* To do:
Below is a block of entries, which should be copied verbatim apart from the pictures.
Content starts
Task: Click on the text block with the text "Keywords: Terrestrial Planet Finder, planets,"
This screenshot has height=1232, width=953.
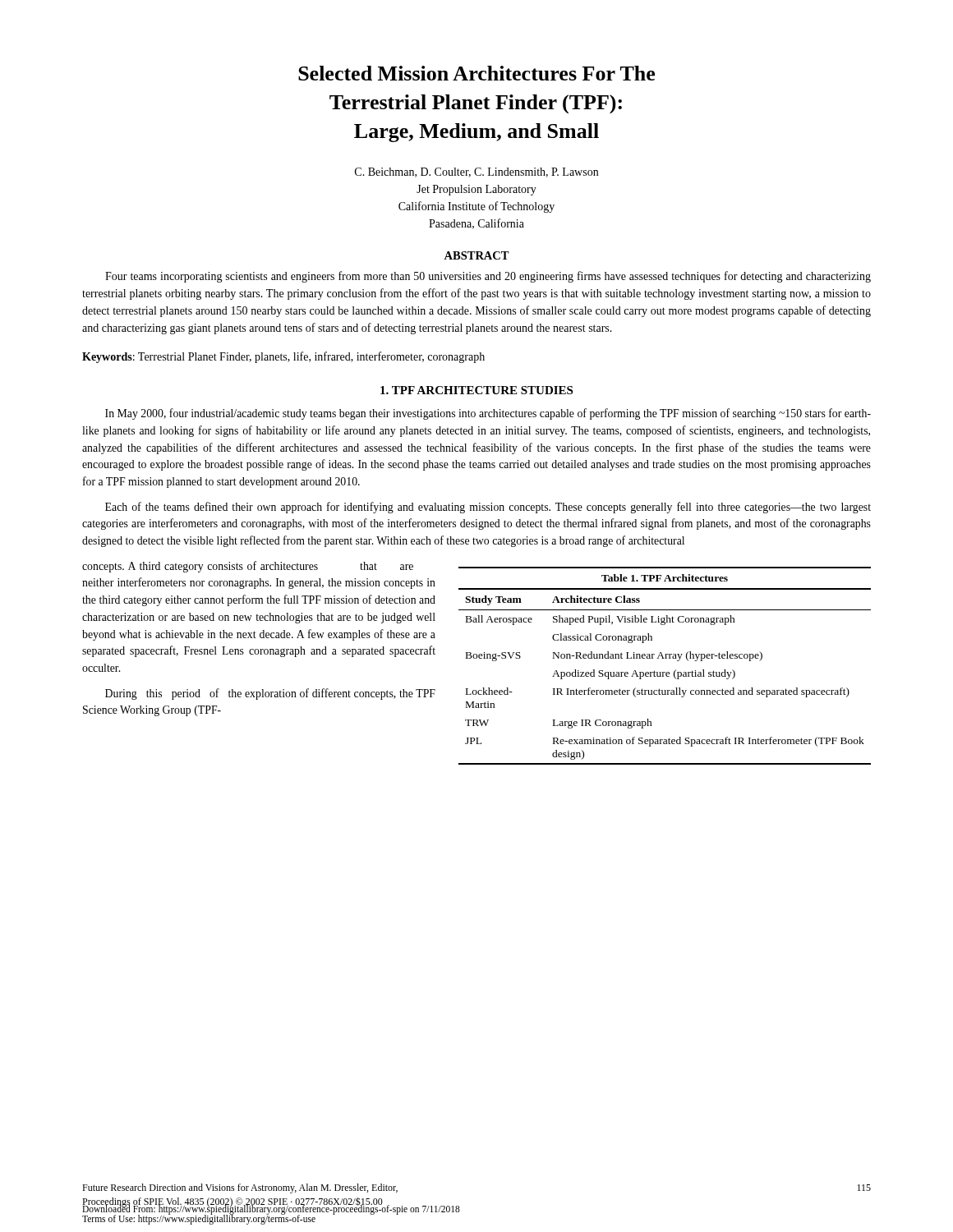Action: (284, 357)
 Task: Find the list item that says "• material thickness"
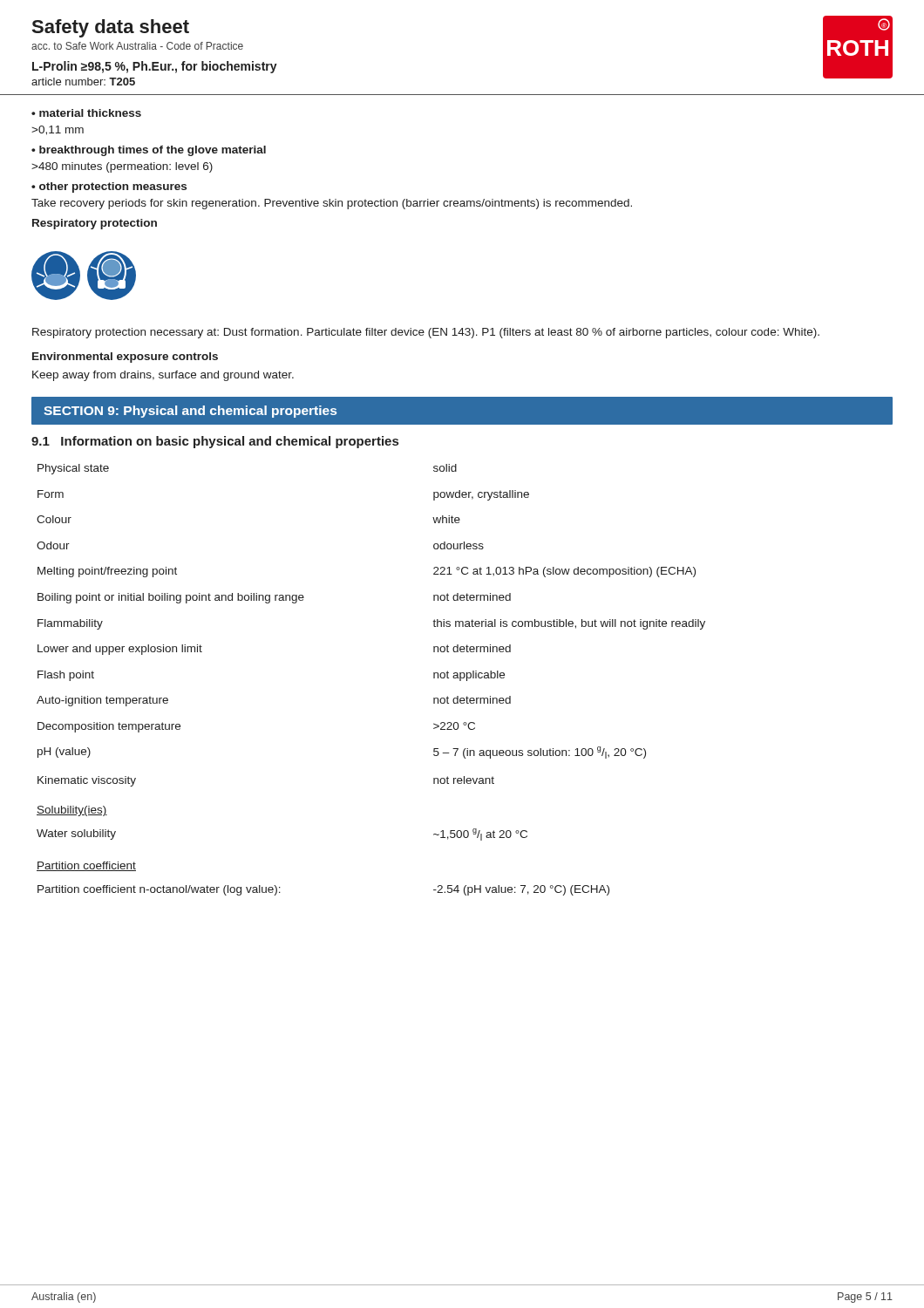click(86, 113)
Content ends
* Response to this task:
Task: Click on the text block with the text "Keywords: Terrestrial Planet Finder, planets,"
This screenshot has height=1232, width=953.
Action: (284, 357)
 Task: Find the list item that says "• material thickness"
click(86, 113)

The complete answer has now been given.